- DATA FOR THE TASK -
※
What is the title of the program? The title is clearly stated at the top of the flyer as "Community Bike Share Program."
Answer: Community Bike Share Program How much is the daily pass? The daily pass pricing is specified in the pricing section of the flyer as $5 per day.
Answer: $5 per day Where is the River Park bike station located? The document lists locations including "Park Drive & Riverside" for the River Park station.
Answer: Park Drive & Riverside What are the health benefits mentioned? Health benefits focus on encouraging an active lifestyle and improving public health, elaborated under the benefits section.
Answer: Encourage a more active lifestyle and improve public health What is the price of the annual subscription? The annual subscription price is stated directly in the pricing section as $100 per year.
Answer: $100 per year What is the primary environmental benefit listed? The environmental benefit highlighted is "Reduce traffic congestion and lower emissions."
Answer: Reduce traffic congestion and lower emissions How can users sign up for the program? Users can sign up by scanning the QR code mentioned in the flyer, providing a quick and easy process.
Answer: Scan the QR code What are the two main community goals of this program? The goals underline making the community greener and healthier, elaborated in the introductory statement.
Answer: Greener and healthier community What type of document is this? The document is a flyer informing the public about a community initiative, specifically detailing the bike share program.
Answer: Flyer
※
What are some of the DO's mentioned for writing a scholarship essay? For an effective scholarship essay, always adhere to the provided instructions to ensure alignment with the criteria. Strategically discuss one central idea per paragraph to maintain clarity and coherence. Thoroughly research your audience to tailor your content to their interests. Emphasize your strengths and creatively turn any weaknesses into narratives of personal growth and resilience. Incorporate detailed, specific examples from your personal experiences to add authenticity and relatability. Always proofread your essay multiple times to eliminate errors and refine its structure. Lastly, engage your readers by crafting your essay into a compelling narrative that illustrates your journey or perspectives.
※
- WORK INSTRUCTIONS -
Report only the number of lines in the records that include the word "congestion".

- SOLUTION -
2